Dear Students,
I am your teacher – for a time. We will spend a year, maybe three if I loop with you, together. You may remember my class fondly for many years. You may remember my class as a torture chamber you need to recover from once you escape. You may forget you were ever in my class the minute you leave on the last day of school.
But that is not what I want for you.
It may appear that I want you to be merely obedient, well behaved, and hard working because it will make my life easier. But that is not the case. I cannot speak for all teachers, but if I’d wanted an easy life, I would have chosen a different career path.
So if I don’t want merely want good behavior and hard work, what do I want?
I do indeed want you to understand the importance of following rules. Many, if not most, rules are a contract between members of society that make life run more smoothly. When people break those rules by driving on the wrong side of the road, by stealing, by committing violence – by disrupting class – they are hurting other people. They are hurting the community. And so mindful obedience for the good of all, and for your own good, is necessary. What you do, or don’t do, affects everyone around you. When you blurt out or have incessant side-conversations, you make it harder for me to teach, and harder for you and your classmates to learn. It’s really a question of simple manners. Manners, by the way, will get you a long way in life.
When I think of rule-following, I think of the self discipline required of members of a band. I attended our school’s band and chorus concert last week, and what struck me was how self disciplined the members of both bands and the chorus were. They were quiet when they needed to be; they listened to and watched the conductor; they worked as a team. In a way, they weren’t thinking about rules, I suspect, but of the music they were trying to create.

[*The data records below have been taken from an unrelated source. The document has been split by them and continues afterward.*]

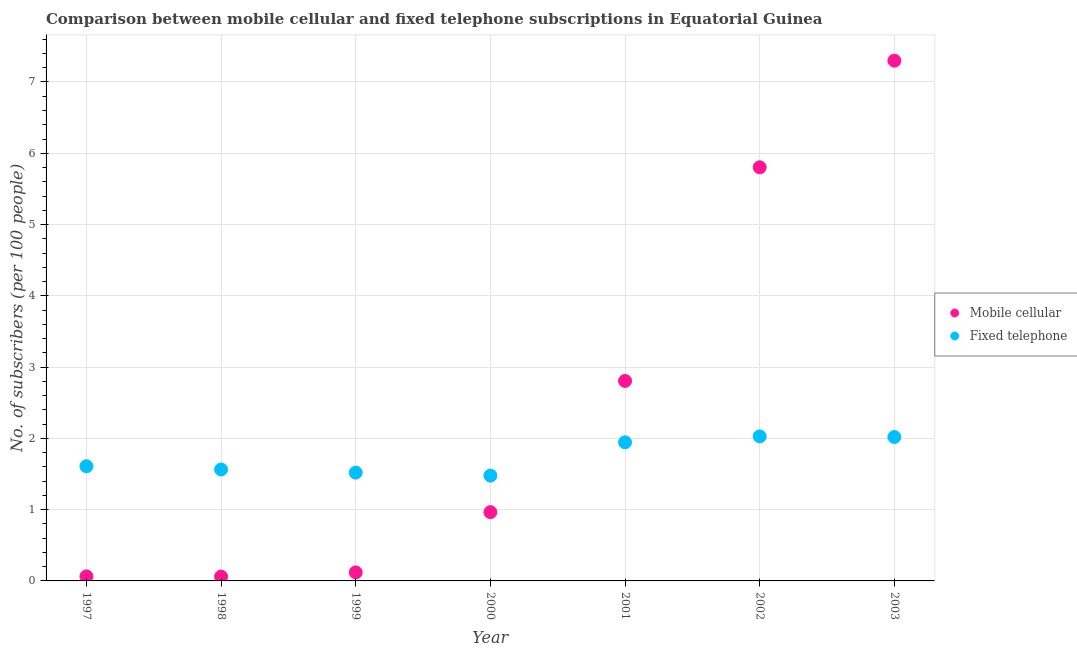How many different coloured dotlines are there?
Give a very brief answer. 2. Is the number of dotlines equal to the number of legend labels?
Provide a short and direct response. Yes. What is the number of mobile cellular subscribers in 1999?
Ensure brevity in your answer.  0.12. Across all years, what is the maximum number of fixed telephone subscribers?
Provide a short and direct response. 2.03. Across all years, what is the minimum number of fixed telephone subscribers?
Your response must be concise. 1.48. In which year was the number of mobile cellular subscribers maximum?
Offer a terse response. 2003. What is the total number of fixed telephone subscribers in the graph?
Offer a terse response. 12.16. What is the difference between the number of mobile cellular subscribers in 1997 and that in 2002?
Your response must be concise. -5.74. What is the difference between the number of fixed telephone subscribers in 2001 and the number of mobile cellular subscribers in 2000?
Keep it short and to the point. 0.98. What is the average number of mobile cellular subscribers per year?
Offer a terse response. 2.45. In the year 2001, what is the difference between the number of mobile cellular subscribers and number of fixed telephone subscribers?
Give a very brief answer. 0.86. What is the ratio of the number of mobile cellular subscribers in 1998 to that in 2001?
Provide a short and direct response. 0.02. Is the difference between the number of fixed telephone subscribers in 1997 and 2002 greater than the difference between the number of mobile cellular subscribers in 1997 and 2002?
Your response must be concise. Yes. What is the difference between the highest and the second highest number of fixed telephone subscribers?
Provide a short and direct response. 0.01. What is the difference between the highest and the lowest number of fixed telephone subscribers?
Ensure brevity in your answer.  0.55. In how many years, is the number of mobile cellular subscribers greater than the average number of mobile cellular subscribers taken over all years?
Provide a short and direct response. 3. How many dotlines are there?
Your answer should be very brief. 2. How many years are there in the graph?
Your answer should be very brief. 7. Are the values on the major ticks of Y-axis written in scientific E-notation?
Your answer should be compact. No. How many legend labels are there?
Ensure brevity in your answer.  2. How are the legend labels stacked?
Give a very brief answer. Vertical. What is the title of the graph?
Offer a terse response. Comparison between mobile cellular and fixed telephone subscriptions in Equatorial Guinea. Does "Primary education" appear as one of the legend labels in the graph?
Give a very brief answer. No. What is the label or title of the X-axis?
Offer a very short reply. Year. What is the label or title of the Y-axis?
Offer a very short reply. No. of subscribers (per 100 people). What is the No. of subscribers (per 100 people) in Mobile cellular in 1997?
Your response must be concise. 0.06. What is the No. of subscribers (per 100 people) in Fixed telephone in 1997?
Provide a succinct answer. 1.61. What is the No. of subscribers (per 100 people) in Mobile cellular in 1998?
Give a very brief answer. 0.06. What is the No. of subscribers (per 100 people) in Fixed telephone in 1998?
Ensure brevity in your answer.  1.56. What is the No. of subscribers (per 100 people) in Mobile cellular in 1999?
Give a very brief answer. 0.12. What is the No. of subscribers (per 100 people) in Fixed telephone in 1999?
Your response must be concise. 1.52. What is the No. of subscribers (per 100 people) in Mobile cellular in 2000?
Your response must be concise. 0.96. What is the No. of subscribers (per 100 people) of Fixed telephone in 2000?
Your response must be concise. 1.48. What is the No. of subscribers (per 100 people) in Mobile cellular in 2001?
Offer a very short reply. 2.81. What is the No. of subscribers (per 100 people) of Fixed telephone in 2001?
Give a very brief answer. 1.94. What is the No. of subscribers (per 100 people) of Mobile cellular in 2002?
Make the answer very short. 5.8. What is the No. of subscribers (per 100 people) of Fixed telephone in 2002?
Make the answer very short. 2.03. What is the No. of subscribers (per 100 people) in Mobile cellular in 2003?
Ensure brevity in your answer.  7.3. What is the No. of subscribers (per 100 people) of Fixed telephone in 2003?
Ensure brevity in your answer.  2.02. Across all years, what is the maximum No. of subscribers (per 100 people) in Mobile cellular?
Make the answer very short. 7.3. Across all years, what is the maximum No. of subscribers (per 100 people) of Fixed telephone?
Give a very brief answer. 2.03. Across all years, what is the minimum No. of subscribers (per 100 people) in Mobile cellular?
Provide a succinct answer. 0.06. Across all years, what is the minimum No. of subscribers (per 100 people) in Fixed telephone?
Your response must be concise. 1.48. What is the total No. of subscribers (per 100 people) of Mobile cellular in the graph?
Your answer should be compact. 17.12. What is the total No. of subscribers (per 100 people) of Fixed telephone in the graph?
Your answer should be very brief. 12.16. What is the difference between the No. of subscribers (per 100 people) in Mobile cellular in 1997 and that in 1998?
Provide a succinct answer. 0. What is the difference between the No. of subscribers (per 100 people) of Fixed telephone in 1997 and that in 1998?
Ensure brevity in your answer.  0.05. What is the difference between the No. of subscribers (per 100 people) of Mobile cellular in 1997 and that in 1999?
Your answer should be very brief. -0.06. What is the difference between the No. of subscribers (per 100 people) of Fixed telephone in 1997 and that in 1999?
Ensure brevity in your answer.  0.09. What is the difference between the No. of subscribers (per 100 people) of Mobile cellular in 1997 and that in 2000?
Your response must be concise. -0.9. What is the difference between the No. of subscribers (per 100 people) of Fixed telephone in 1997 and that in 2000?
Provide a short and direct response. 0.13. What is the difference between the No. of subscribers (per 100 people) of Mobile cellular in 1997 and that in 2001?
Provide a short and direct response. -2.74. What is the difference between the No. of subscribers (per 100 people) of Fixed telephone in 1997 and that in 2001?
Give a very brief answer. -0.34. What is the difference between the No. of subscribers (per 100 people) of Mobile cellular in 1997 and that in 2002?
Provide a succinct answer. -5.74. What is the difference between the No. of subscribers (per 100 people) in Fixed telephone in 1997 and that in 2002?
Offer a very short reply. -0.42. What is the difference between the No. of subscribers (per 100 people) of Mobile cellular in 1997 and that in 2003?
Provide a short and direct response. -7.24. What is the difference between the No. of subscribers (per 100 people) in Fixed telephone in 1997 and that in 2003?
Offer a terse response. -0.41. What is the difference between the No. of subscribers (per 100 people) in Mobile cellular in 1998 and that in 1999?
Your answer should be very brief. -0.06. What is the difference between the No. of subscribers (per 100 people) of Fixed telephone in 1998 and that in 1999?
Keep it short and to the point. 0.04. What is the difference between the No. of subscribers (per 100 people) in Mobile cellular in 1998 and that in 2000?
Offer a terse response. -0.9. What is the difference between the No. of subscribers (per 100 people) in Fixed telephone in 1998 and that in 2000?
Keep it short and to the point. 0.09. What is the difference between the No. of subscribers (per 100 people) of Mobile cellular in 1998 and that in 2001?
Offer a terse response. -2.74. What is the difference between the No. of subscribers (per 100 people) of Fixed telephone in 1998 and that in 2001?
Your answer should be very brief. -0.38. What is the difference between the No. of subscribers (per 100 people) in Mobile cellular in 1998 and that in 2002?
Ensure brevity in your answer.  -5.74. What is the difference between the No. of subscribers (per 100 people) in Fixed telephone in 1998 and that in 2002?
Keep it short and to the point. -0.46. What is the difference between the No. of subscribers (per 100 people) in Mobile cellular in 1998 and that in 2003?
Ensure brevity in your answer.  -7.24. What is the difference between the No. of subscribers (per 100 people) in Fixed telephone in 1998 and that in 2003?
Keep it short and to the point. -0.46. What is the difference between the No. of subscribers (per 100 people) in Mobile cellular in 1999 and that in 2000?
Keep it short and to the point. -0.85. What is the difference between the No. of subscribers (per 100 people) in Fixed telephone in 1999 and that in 2000?
Your answer should be compact. 0.04. What is the difference between the No. of subscribers (per 100 people) of Mobile cellular in 1999 and that in 2001?
Your answer should be very brief. -2.69. What is the difference between the No. of subscribers (per 100 people) in Fixed telephone in 1999 and that in 2001?
Ensure brevity in your answer.  -0.42. What is the difference between the No. of subscribers (per 100 people) of Mobile cellular in 1999 and that in 2002?
Your answer should be compact. -5.68. What is the difference between the No. of subscribers (per 100 people) of Fixed telephone in 1999 and that in 2002?
Offer a very short reply. -0.51. What is the difference between the No. of subscribers (per 100 people) in Mobile cellular in 1999 and that in 2003?
Give a very brief answer. -7.18. What is the difference between the No. of subscribers (per 100 people) in Fixed telephone in 1999 and that in 2003?
Make the answer very short. -0.5. What is the difference between the No. of subscribers (per 100 people) in Mobile cellular in 2000 and that in 2001?
Provide a short and direct response. -1.84. What is the difference between the No. of subscribers (per 100 people) in Fixed telephone in 2000 and that in 2001?
Ensure brevity in your answer.  -0.47. What is the difference between the No. of subscribers (per 100 people) of Mobile cellular in 2000 and that in 2002?
Offer a terse response. -4.84. What is the difference between the No. of subscribers (per 100 people) in Fixed telephone in 2000 and that in 2002?
Ensure brevity in your answer.  -0.55. What is the difference between the No. of subscribers (per 100 people) in Mobile cellular in 2000 and that in 2003?
Provide a succinct answer. -6.33. What is the difference between the No. of subscribers (per 100 people) of Fixed telephone in 2000 and that in 2003?
Give a very brief answer. -0.54. What is the difference between the No. of subscribers (per 100 people) in Mobile cellular in 2001 and that in 2002?
Offer a very short reply. -3. What is the difference between the No. of subscribers (per 100 people) of Fixed telephone in 2001 and that in 2002?
Make the answer very short. -0.08. What is the difference between the No. of subscribers (per 100 people) in Mobile cellular in 2001 and that in 2003?
Offer a terse response. -4.49. What is the difference between the No. of subscribers (per 100 people) in Fixed telephone in 2001 and that in 2003?
Keep it short and to the point. -0.07. What is the difference between the No. of subscribers (per 100 people) in Mobile cellular in 2002 and that in 2003?
Give a very brief answer. -1.5. What is the difference between the No. of subscribers (per 100 people) in Fixed telephone in 2002 and that in 2003?
Provide a succinct answer. 0.01. What is the difference between the No. of subscribers (per 100 people) of Mobile cellular in 1997 and the No. of subscribers (per 100 people) of Fixed telephone in 1998?
Make the answer very short. -1.5. What is the difference between the No. of subscribers (per 100 people) of Mobile cellular in 1997 and the No. of subscribers (per 100 people) of Fixed telephone in 1999?
Make the answer very short. -1.46. What is the difference between the No. of subscribers (per 100 people) of Mobile cellular in 1997 and the No. of subscribers (per 100 people) of Fixed telephone in 2000?
Provide a succinct answer. -1.41. What is the difference between the No. of subscribers (per 100 people) in Mobile cellular in 1997 and the No. of subscribers (per 100 people) in Fixed telephone in 2001?
Provide a short and direct response. -1.88. What is the difference between the No. of subscribers (per 100 people) of Mobile cellular in 1997 and the No. of subscribers (per 100 people) of Fixed telephone in 2002?
Your answer should be compact. -1.96. What is the difference between the No. of subscribers (per 100 people) in Mobile cellular in 1997 and the No. of subscribers (per 100 people) in Fixed telephone in 2003?
Offer a terse response. -1.96. What is the difference between the No. of subscribers (per 100 people) in Mobile cellular in 1998 and the No. of subscribers (per 100 people) in Fixed telephone in 1999?
Give a very brief answer. -1.46. What is the difference between the No. of subscribers (per 100 people) of Mobile cellular in 1998 and the No. of subscribers (per 100 people) of Fixed telephone in 2000?
Your answer should be very brief. -1.42. What is the difference between the No. of subscribers (per 100 people) in Mobile cellular in 1998 and the No. of subscribers (per 100 people) in Fixed telephone in 2001?
Your answer should be compact. -1.88. What is the difference between the No. of subscribers (per 100 people) in Mobile cellular in 1998 and the No. of subscribers (per 100 people) in Fixed telephone in 2002?
Provide a succinct answer. -1.97. What is the difference between the No. of subscribers (per 100 people) of Mobile cellular in 1998 and the No. of subscribers (per 100 people) of Fixed telephone in 2003?
Your answer should be very brief. -1.96. What is the difference between the No. of subscribers (per 100 people) of Mobile cellular in 1999 and the No. of subscribers (per 100 people) of Fixed telephone in 2000?
Provide a succinct answer. -1.36. What is the difference between the No. of subscribers (per 100 people) in Mobile cellular in 1999 and the No. of subscribers (per 100 people) in Fixed telephone in 2001?
Offer a very short reply. -1.82. What is the difference between the No. of subscribers (per 100 people) in Mobile cellular in 1999 and the No. of subscribers (per 100 people) in Fixed telephone in 2002?
Your answer should be compact. -1.91. What is the difference between the No. of subscribers (per 100 people) of Mobile cellular in 1999 and the No. of subscribers (per 100 people) of Fixed telephone in 2003?
Give a very brief answer. -1.9. What is the difference between the No. of subscribers (per 100 people) of Mobile cellular in 2000 and the No. of subscribers (per 100 people) of Fixed telephone in 2001?
Give a very brief answer. -0.98. What is the difference between the No. of subscribers (per 100 people) in Mobile cellular in 2000 and the No. of subscribers (per 100 people) in Fixed telephone in 2002?
Your response must be concise. -1.06. What is the difference between the No. of subscribers (per 100 people) of Mobile cellular in 2000 and the No. of subscribers (per 100 people) of Fixed telephone in 2003?
Offer a very short reply. -1.05. What is the difference between the No. of subscribers (per 100 people) of Mobile cellular in 2001 and the No. of subscribers (per 100 people) of Fixed telephone in 2002?
Make the answer very short. 0.78. What is the difference between the No. of subscribers (per 100 people) of Mobile cellular in 2001 and the No. of subscribers (per 100 people) of Fixed telephone in 2003?
Keep it short and to the point. 0.79. What is the difference between the No. of subscribers (per 100 people) of Mobile cellular in 2002 and the No. of subscribers (per 100 people) of Fixed telephone in 2003?
Give a very brief answer. 3.78. What is the average No. of subscribers (per 100 people) in Mobile cellular per year?
Your answer should be very brief. 2.45. What is the average No. of subscribers (per 100 people) in Fixed telephone per year?
Give a very brief answer. 1.74. In the year 1997, what is the difference between the No. of subscribers (per 100 people) in Mobile cellular and No. of subscribers (per 100 people) in Fixed telephone?
Your answer should be very brief. -1.55. In the year 1998, what is the difference between the No. of subscribers (per 100 people) in Mobile cellular and No. of subscribers (per 100 people) in Fixed telephone?
Ensure brevity in your answer.  -1.5. In the year 1999, what is the difference between the No. of subscribers (per 100 people) in Mobile cellular and No. of subscribers (per 100 people) in Fixed telephone?
Ensure brevity in your answer.  -1.4. In the year 2000, what is the difference between the No. of subscribers (per 100 people) of Mobile cellular and No. of subscribers (per 100 people) of Fixed telephone?
Your response must be concise. -0.51. In the year 2001, what is the difference between the No. of subscribers (per 100 people) of Mobile cellular and No. of subscribers (per 100 people) of Fixed telephone?
Ensure brevity in your answer.  0.86. In the year 2002, what is the difference between the No. of subscribers (per 100 people) of Mobile cellular and No. of subscribers (per 100 people) of Fixed telephone?
Provide a succinct answer. 3.78. In the year 2003, what is the difference between the No. of subscribers (per 100 people) of Mobile cellular and No. of subscribers (per 100 people) of Fixed telephone?
Offer a very short reply. 5.28. What is the ratio of the No. of subscribers (per 100 people) in Mobile cellular in 1997 to that in 1998?
Offer a very short reply. 1.04. What is the ratio of the No. of subscribers (per 100 people) in Fixed telephone in 1997 to that in 1998?
Provide a succinct answer. 1.03. What is the ratio of the No. of subscribers (per 100 people) in Mobile cellular in 1997 to that in 1999?
Your response must be concise. 0.53. What is the ratio of the No. of subscribers (per 100 people) in Fixed telephone in 1997 to that in 1999?
Give a very brief answer. 1.06. What is the ratio of the No. of subscribers (per 100 people) in Mobile cellular in 1997 to that in 2000?
Provide a succinct answer. 0.07. What is the ratio of the No. of subscribers (per 100 people) of Fixed telephone in 1997 to that in 2000?
Your answer should be compact. 1.09. What is the ratio of the No. of subscribers (per 100 people) in Mobile cellular in 1997 to that in 2001?
Provide a succinct answer. 0.02. What is the ratio of the No. of subscribers (per 100 people) of Fixed telephone in 1997 to that in 2001?
Keep it short and to the point. 0.83. What is the ratio of the No. of subscribers (per 100 people) in Mobile cellular in 1997 to that in 2002?
Keep it short and to the point. 0.01. What is the ratio of the No. of subscribers (per 100 people) in Fixed telephone in 1997 to that in 2002?
Give a very brief answer. 0.79. What is the ratio of the No. of subscribers (per 100 people) of Mobile cellular in 1997 to that in 2003?
Provide a succinct answer. 0.01. What is the ratio of the No. of subscribers (per 100 people) in Fixed telephone in 1997 to that in 2003?
Provide a succinct answer. 0.8. What is the ratio of the No. of subscribers (per 100 people) in Mobile cellular in 1998 to that in 1999?
Give a very brief answer. 0.51. What is the ratio of the No. of subscribers (per 100 people) of Fixed telephone in 1998 to that in 1999?
Ensure brevity in your answer.  1.03. What is the ratio of the No. of subscribers (per 100 people) in Mobile cellular in 1998 to that in 2000?
Your response must be concise. 0.06. What is the ratio of the No. of subscribers (per 100 people) of Fixed telephone in 1998 to that in 2000?
Offer a very short reply. 1.06. What is the ratio of the No. of subscribers (per 100 people) in Mobile cellular in 1998 to that in 2001?
Your answer should be compact. 0.02. What is the ratio of the No. of subscribers (per 100 people) of Fixed telephone in 1998 to that in 2001?
Provide a short and direct response. 0.8. What is the ratio of the No. of subscribers (per 100 people) in Mobile cellular in 1998 to that in 2002?
Offer a very short reply. 0.01. What is the ratio of the No. of subscribers (per 100 people) in Fixed telephone in 1998 to that in 2002?
Ensure brevity in your answer.  0.77. What is the ratio of the No. of subscribers (per 100 people) of Mobile cellular in 1998 to that in 2003?
Offer a very short reply. 0.01. What is the ratio of the No. of subscribers (per 100 people) of Fixed telephone in 1998 to that in 2003?
Give a very brief answer. 0.77. What is the ratio of the No. of subscribers (per 100 people) in Mobile cellular in 1999 to that in 2000?
Your response must be concise. 0.12. What is the ratio of the No. of subscribers (per 100 people) in Fixed telephone in 1999 to that in 2000?
Offer a terse response. 1.03. What is the ratio of the No. of subscribers (per 100 people) in Mobile cellular in 1999 to that in 2001?
Offer a very short reply. 0.04. What is the ratio of the No. of subscribers (per 100 people) in Fixed telephone in 1999 to that in 2001?
Keep it short and to the point. 0.78. What is the ratio of the No. of subscribers (per 100 people) in Mobile cellular in 1999 to that in 2002?
Keep it short and to the point. 0.02. What is the ratio of the No. of subscribers (per 100 people) of Fixed telephone in 1999 to that in 2002?
Offer a terse response. 0.75. What is the ratio of the No. of subscribers (per 100 people) in Mobile cellular in 1999 to that in 2003?
Give a very brief answer. 0.02. What is the ratio of the No. of subscribers (per 100 people) of Fixed telephone in 1999 to that in 2003?
Your answer should be compact. 0.75. What is the ratio of the No. of subscribers (per 100 people) in Mobile cellular in 2000 to that in 2001?
Your response must be concise. 0.34. What is the ratio of the No. of subscribers (per 100 people) in Fixed telephone in 2000 to that in 2001?
Your answer should be compact. 0.76. What is the ratio of the No. of subscribers (per 100 people) of Mobile cellular in 2000 to that in 2002?
Provide a succinct answer. 0.17. What is the ratio of the No. of subscribers (per 100 people) of Fixed telephone in 2000 to that in 2002?
Give a very brief answer. 0.73. What is the ratio of the No. of subscribers (per 100 people) in Mobile cellular in 2000 to that in 2003?
Offer a terse response. 0.13. What is the ratio of the No. of subscribers (per 100 people) in Fixed telephone in 2000 to that in 2003?
Your response must be concise. 0.73. What is the ratio of the No. of subscribers (per 100 people) of Mobile cellular in 2001 to that in 2002?
Ensure brevity in your answer.  0.48. What is the ratio of the No. of subscribers (per 100 people) of Fixed telephone in 2001 to that in 2002?
Give a very brief answer. 0.96. What is the ratio of the No. of subscribers (per 100 people) of Mobile cellular in 2001 to that in 2003?
Ensure brevity in your answer.  0.38. What is the ratio of the No. of subscribers (per 100 people) of Fixed telephone in 2001 to that in 2003?
Your response must be concise. 0.96. What is the ratio of the No. of subscribers (per 100 people) in Mobile cellular in 2002 to that in 2003?
Offer a very short reply. 0.8. What is the difference between the highest and the second highest No. of subscribers (per 100 people) in Mobile cellular?
Make the answer very short. 1.5. What is the difference between the highest and the second highest No. of subscribers (per 100 people) in Fixed telephone?
Your answer should be compact. 0.01. What is the difference between the highest and the lowest No. of subscribers (per 100 people) of Mobile cellular?
Your response must be concise. 7.24. What is the difference between the highest and the lowest No. of subscribers (per 100 people) of Fixed telephone?
Provide a succinct answer. 0.55.

I don’t want you to just follow rules because you will get in trouble if you don’t. I want you to follow rules because you are learning to be considerate of other people. I want you to go beyond rules, the way those of you in the concert did, to create something great in our class. Following rules isn’t a chore if you know you are creating something great together.
Maybe you don’t personally see anything great going on and couldn’t care less about what we do in class. Well, other people do see the value in what we are doing, and so for them I ask you to try to follow some rules.
But on the other hand…
I also want you to understand the dangers of blind obedience and conformity. Some rules are not for the good of the many, but for the good of the privileged few. Some rules, some ideas, need to be vigorously resisted, as apartheid was, and slavery and segregation and fascism. If rules are not truly for the good of all, then they must be resisted, in word and in deed, and with reason and logic on your side.
But choosing to resist rules is not always right. “I don’t want to follow the rules because I want to do whatever I want,” is not reason or even a reason. It is a temper tantrum.
And to resist getting an education is, if I may say so, the height of ignorance. Education is the first thing tyrants and dictators try to eliminate in order to control people. Education is the surest way to take control of your destiny, get out of poverty, find a calling in life and follow it. In parts of the world where children are denied education, they long for what you get for free everyday. I don’t have time to go into the full story of Malala Yousafzai, the Pakistani girl shot in the head for protesting the fact that girls are not allowed to be educated in the Swat Valley, though I may later. Suffice it to say, she was resisting rules for the right reasons.
And so I want you to understand and think about the need to follow rules, but also the need for dissent from the truly unjust rules. History classes you take are full of examples of this tension. Stories you read in English are full of nuanced and thoughtful explorations of this theme. Pay attention to history and stories to help you decide when to follow and when to resist– how to live your life.
So I want you to follow the rules – sort of. What I want even more is for you to see so much value in what we have to experience and create together that rules become a moot point. I will hold you to rules if I have to– but that isn’t really what I want. I want you to be interested, to be engaged, to be considerate because you understand the importance of what we are doing.